## WORK INSTRUCTIONS
Which lines make up the answer? Those from the line with "values = d1[key]" through the end of the data; reproduce them exactly.

## Data records
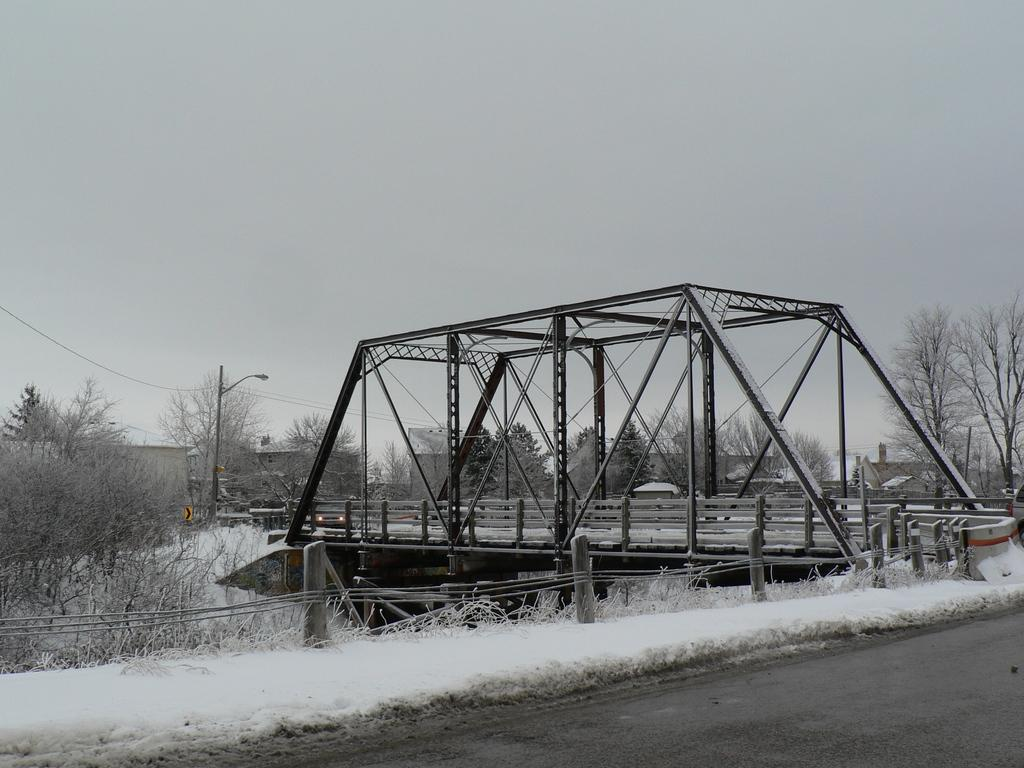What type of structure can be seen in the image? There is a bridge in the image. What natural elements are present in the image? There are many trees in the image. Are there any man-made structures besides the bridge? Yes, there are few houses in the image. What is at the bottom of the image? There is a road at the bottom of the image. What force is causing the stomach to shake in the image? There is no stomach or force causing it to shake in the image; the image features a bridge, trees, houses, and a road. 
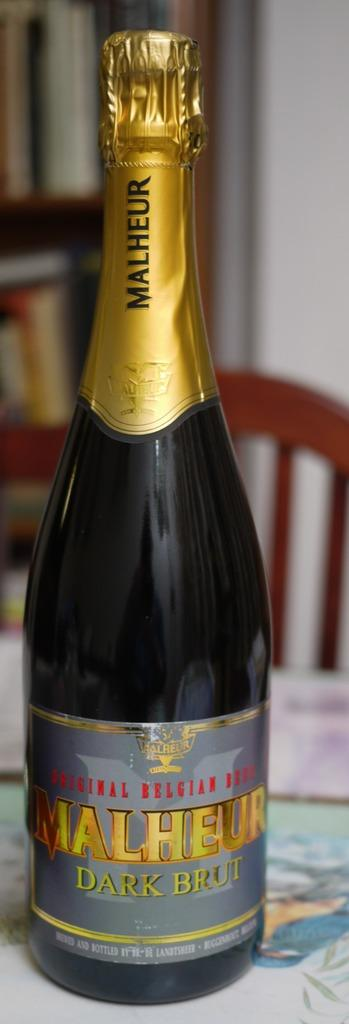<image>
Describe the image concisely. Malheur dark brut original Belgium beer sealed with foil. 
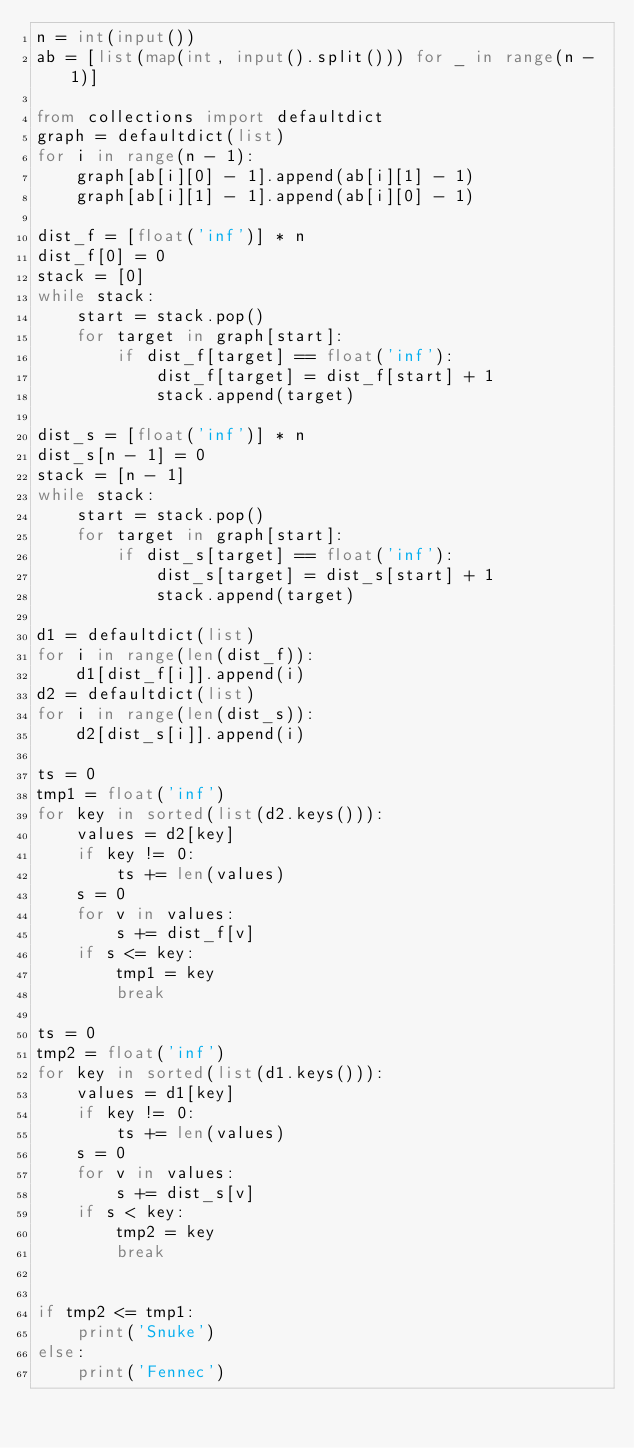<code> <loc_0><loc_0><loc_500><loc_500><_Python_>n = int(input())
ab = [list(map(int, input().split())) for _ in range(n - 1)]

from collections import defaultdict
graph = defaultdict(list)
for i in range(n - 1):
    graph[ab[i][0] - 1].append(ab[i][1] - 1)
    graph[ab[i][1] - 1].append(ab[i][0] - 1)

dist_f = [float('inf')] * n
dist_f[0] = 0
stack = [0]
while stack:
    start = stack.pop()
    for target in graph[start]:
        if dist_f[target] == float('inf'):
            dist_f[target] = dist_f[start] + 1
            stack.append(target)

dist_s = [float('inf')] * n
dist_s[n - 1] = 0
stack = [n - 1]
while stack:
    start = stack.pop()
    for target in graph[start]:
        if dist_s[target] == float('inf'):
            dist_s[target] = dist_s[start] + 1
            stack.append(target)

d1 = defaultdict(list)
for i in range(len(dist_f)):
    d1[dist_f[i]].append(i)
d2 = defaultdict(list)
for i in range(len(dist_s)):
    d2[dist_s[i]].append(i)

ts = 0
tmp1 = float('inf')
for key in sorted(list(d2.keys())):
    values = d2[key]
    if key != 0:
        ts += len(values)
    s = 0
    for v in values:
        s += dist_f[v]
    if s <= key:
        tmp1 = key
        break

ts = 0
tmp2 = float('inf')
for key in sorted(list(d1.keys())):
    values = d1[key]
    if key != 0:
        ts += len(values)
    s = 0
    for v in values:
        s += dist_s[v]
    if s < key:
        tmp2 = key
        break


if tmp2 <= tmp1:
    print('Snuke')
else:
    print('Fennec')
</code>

## REPLY
    values = d1[key]
    if key != 0:
        ts += len(values)
    s = 0
    for v in values:
        s += dist_s[v]
    if s < key:
        tmp2 = key
        break


if tmp2 <= tmp1:
    print('Snuke')
else:
    print('Fennec')
</code>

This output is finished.